The response should contain only those lines of the entries below that include the string "made".

************

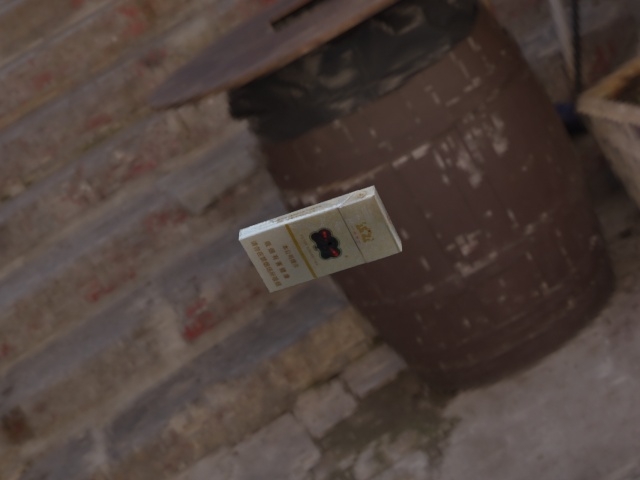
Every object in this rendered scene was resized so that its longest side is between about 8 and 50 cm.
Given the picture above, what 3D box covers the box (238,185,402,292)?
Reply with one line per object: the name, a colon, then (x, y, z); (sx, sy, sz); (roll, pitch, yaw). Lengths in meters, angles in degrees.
box: (0.000, 0.000, 1.428); (0.167, 0.090, 0.024); (-18, 37, 15)
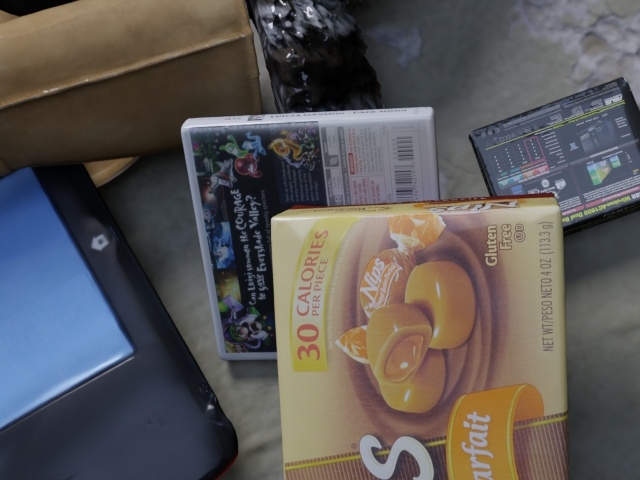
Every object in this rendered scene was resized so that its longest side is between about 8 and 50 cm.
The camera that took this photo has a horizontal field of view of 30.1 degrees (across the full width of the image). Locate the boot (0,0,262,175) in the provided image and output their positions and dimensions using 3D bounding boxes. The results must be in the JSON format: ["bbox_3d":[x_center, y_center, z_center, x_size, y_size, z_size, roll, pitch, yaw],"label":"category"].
[{"bbox_3d":[-0.187,-0.153,0.826,0.270,0.236,0.089,-16,37,-15],"label":"boot"}]

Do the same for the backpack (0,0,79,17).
[{"bbox_3d":[-0.219,-0.271,0.905,0.158,0.117,0.173,-38,76,2],"label":"backpack"}]

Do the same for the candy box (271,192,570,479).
[{"bbox_3d":[0.071,0.132,0.783,0.183,0.087,0.316,-2,98,10],"label":"candy box"}]

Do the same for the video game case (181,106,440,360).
[{"bbox_3d":[0.000,0.000,0.843,0.173,0.022,0.190,-2,117,10],"label":"video game case"}]

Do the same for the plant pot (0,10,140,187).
[{"bbox_3d":[-0.217,-0.142,0.958,0.236,0.032,0.236,-2,79,11],"label":"plant pot"}]

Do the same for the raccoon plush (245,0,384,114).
[{"bbox_3d":[0.068,-0.273,0.897,0.299,0.216,0.446,-17,108,-8],"label":"raccoon plush"}]

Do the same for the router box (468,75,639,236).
[{"bbox_3d":[0.181,-0.054,0.866,0.122,0.038,0.092,-19,76,7],"label":"router box"}]

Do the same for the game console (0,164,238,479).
[{"bbox_3d":[-0.292,0.082,0.862,0.342,0.060,0.386,-31,75,-3],"label":"game console"}]
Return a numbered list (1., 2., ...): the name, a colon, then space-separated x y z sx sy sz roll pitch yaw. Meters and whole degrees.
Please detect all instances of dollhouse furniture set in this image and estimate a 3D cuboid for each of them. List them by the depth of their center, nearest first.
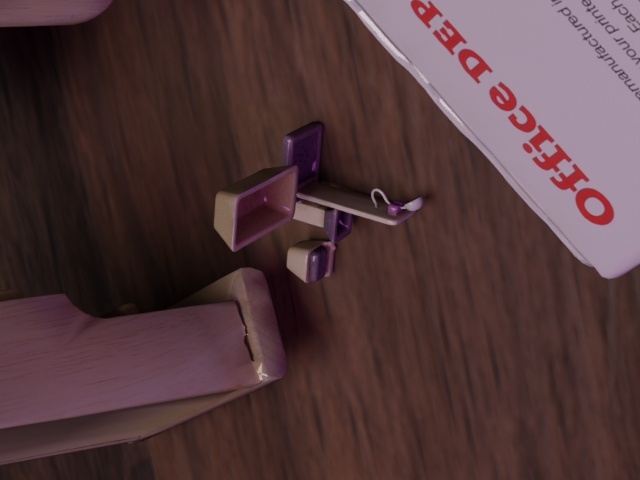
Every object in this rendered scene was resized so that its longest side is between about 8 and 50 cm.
1. dollhouse furniture set: 0.000 0.000 1.026 0.081 0.114 0.091 17 115 26
2. dollhouse furniture set: -0.211 -0.072 1.099 0.362 0.256 0.394 -28 73 51

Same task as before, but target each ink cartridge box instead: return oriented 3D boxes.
1. ink cartridge box: 0.154 -0.139 0.744 0.201 0.117 0.278 48 140 -1
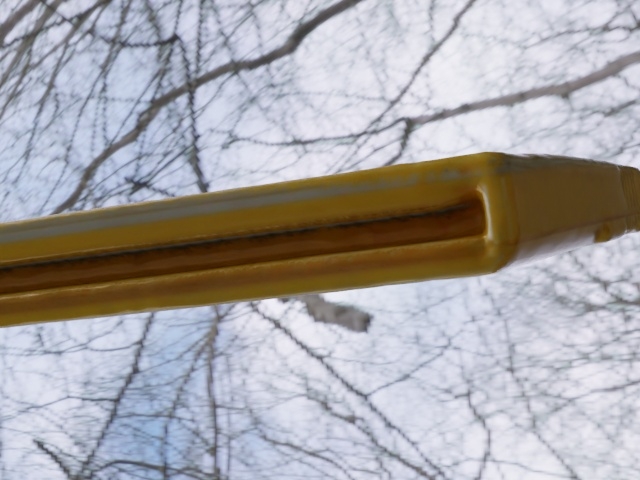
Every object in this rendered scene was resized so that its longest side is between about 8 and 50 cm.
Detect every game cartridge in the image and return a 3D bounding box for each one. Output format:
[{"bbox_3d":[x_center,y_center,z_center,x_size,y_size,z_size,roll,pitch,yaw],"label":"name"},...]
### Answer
[{"bbox_3d":[0.000,0.000,0.733,0.285,0.323,0.053,-7,-92,22],"label":"game cartridge"}]
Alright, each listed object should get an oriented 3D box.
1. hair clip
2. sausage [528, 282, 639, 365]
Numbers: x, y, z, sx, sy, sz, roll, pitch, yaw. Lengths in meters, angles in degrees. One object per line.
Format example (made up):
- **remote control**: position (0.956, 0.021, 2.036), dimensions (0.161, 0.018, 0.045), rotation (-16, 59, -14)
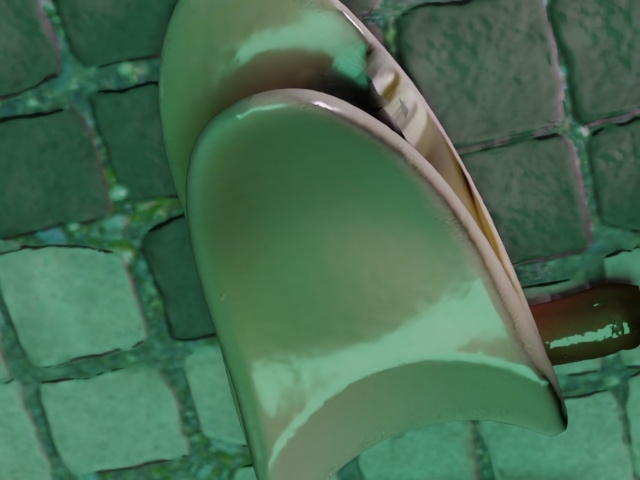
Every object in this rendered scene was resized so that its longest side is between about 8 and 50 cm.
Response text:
- **hair clip**: position (0.001, -0.005, 0.853), dimensions (0.173, 0.113, 0.282), rotation (-21, 121, 9)
- **sausage**: position (0.098, 0.053, 0.916), dimensions (0.177, 0.040, 0.047), rotation (-8, 118, 3)
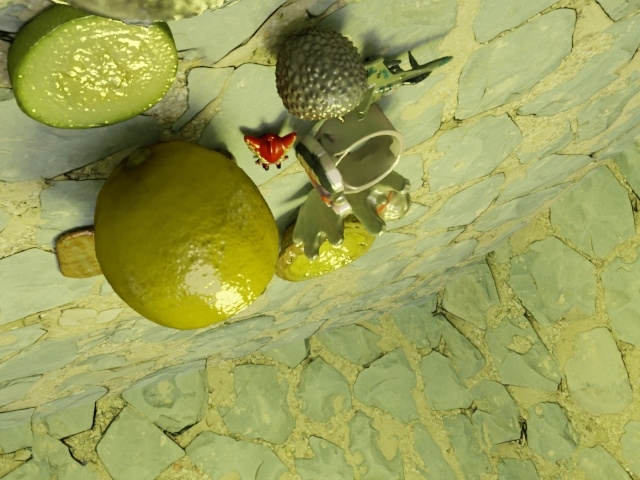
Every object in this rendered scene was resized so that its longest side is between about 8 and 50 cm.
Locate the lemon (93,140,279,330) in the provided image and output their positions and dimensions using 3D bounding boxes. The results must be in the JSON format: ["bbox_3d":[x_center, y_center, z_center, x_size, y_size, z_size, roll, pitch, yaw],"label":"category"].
[{"bbox_3d":[-0.275,-0.028,1.238,0.364,0.364,0.364,-21,161,-8],"label":"lemon"}]

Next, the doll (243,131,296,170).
[{"bbox_3d":[-0.107,-0.196,1.394,0.109,0.057,0.169,-5,172,-4],"label":"doll"}]

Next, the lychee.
[{"bbox_3d":[0.003,-0.279,1.131,0.165,0.165,0.197,-22,128,-6],"label":"lychee"}]

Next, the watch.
[{"bbox_3d":[0.074,-0.192,1.428,0.231,0.196,0.244,-29,155,-2],"label":"watch"}]

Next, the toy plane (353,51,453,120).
[{"bbox_3d":[0.143,-0.332,1.296,0.262,0.088,0.192,-31,168,-9],"label":"toy plane"}]

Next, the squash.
[{"bbox_3d":[-0.332,-0.260,0.967,0.252,0.048,0.252,-22,160,-8],"label":"squash"}]

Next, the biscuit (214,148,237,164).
[{"bbox_3d":[-0.202,-0.137,1.435,0.061,0.055,0.219,6,160,4],"label":"biscuit"}]

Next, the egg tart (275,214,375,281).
[{"bbox_3d":[0.000,0.000,1.907,0.346,0.132,0.345,-22,161,-8],"label":"egg tart"}]

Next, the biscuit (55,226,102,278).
[{"bbox_3d":[-0.557,0.036,1.514,0.119,0.029,0.247,-15,159,-23],"label":"biscuit"}]

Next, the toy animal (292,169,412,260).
[{"bbox_3d":[0.089,-0.073,1.683,0.188,0.266,0.307,-11,127,-63],"label":"toy animal"}]

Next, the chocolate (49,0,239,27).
[{"bbox_3d":[-0.169,-0.380,0.593,0.303,0.212,0.303,-17,157,-8],"label":"chocolate"}]
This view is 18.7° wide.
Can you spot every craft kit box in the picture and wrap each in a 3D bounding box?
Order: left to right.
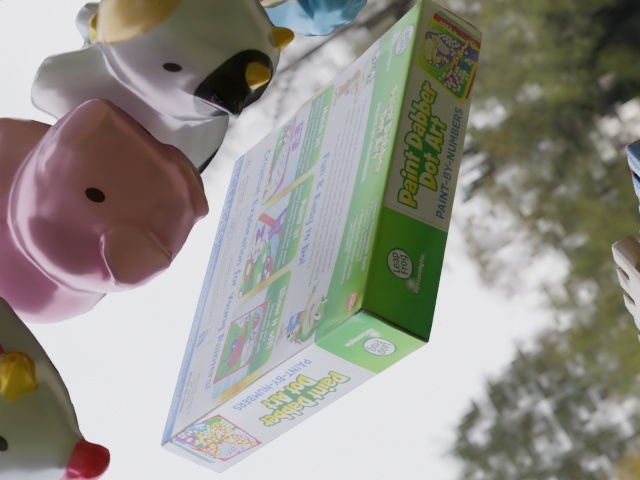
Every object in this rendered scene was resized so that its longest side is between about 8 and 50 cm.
[{"bbox_3d":[0.000,0.000,1.279,0.061,0.246,0.250,26,-126,-19],"label":"craft kit box"}]

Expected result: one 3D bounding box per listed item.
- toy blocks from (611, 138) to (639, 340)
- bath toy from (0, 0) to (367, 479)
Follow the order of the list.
[{"bbox_3d":[0.247,0.072,0.971,0.261,0.191,0.381,56,169,51],"label":"toy blocks"},{"bbox_3d":[-0.097,-0.022,0.885,0.151,0.129,0.348,96,-161,-52],"label":"bath toy"}]
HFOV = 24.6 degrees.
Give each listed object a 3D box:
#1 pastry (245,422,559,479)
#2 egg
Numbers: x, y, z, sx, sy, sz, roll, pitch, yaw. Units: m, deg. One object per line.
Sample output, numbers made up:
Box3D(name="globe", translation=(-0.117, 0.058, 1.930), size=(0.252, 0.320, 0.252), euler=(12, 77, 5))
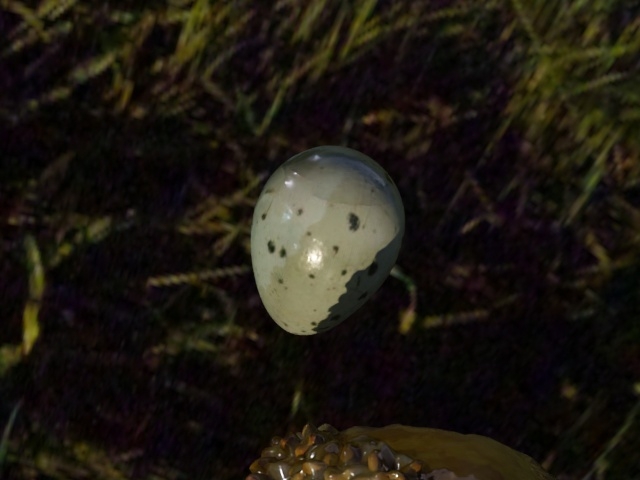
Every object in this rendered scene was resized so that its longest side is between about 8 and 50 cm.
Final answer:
Box3D(name="pastry", translation=(0.027, 0.308, 1.007), size=(0.245, 0.409, 0.409), euler=(18, 50, -25))
Box3D(name="egg", translation=(0.000, 0.000, 1.241), size=(0.131, 0.164, 0.131), euler=(26, 14, -7))

************

Task answer:
Format example (made up):
Sample output, numbers made up:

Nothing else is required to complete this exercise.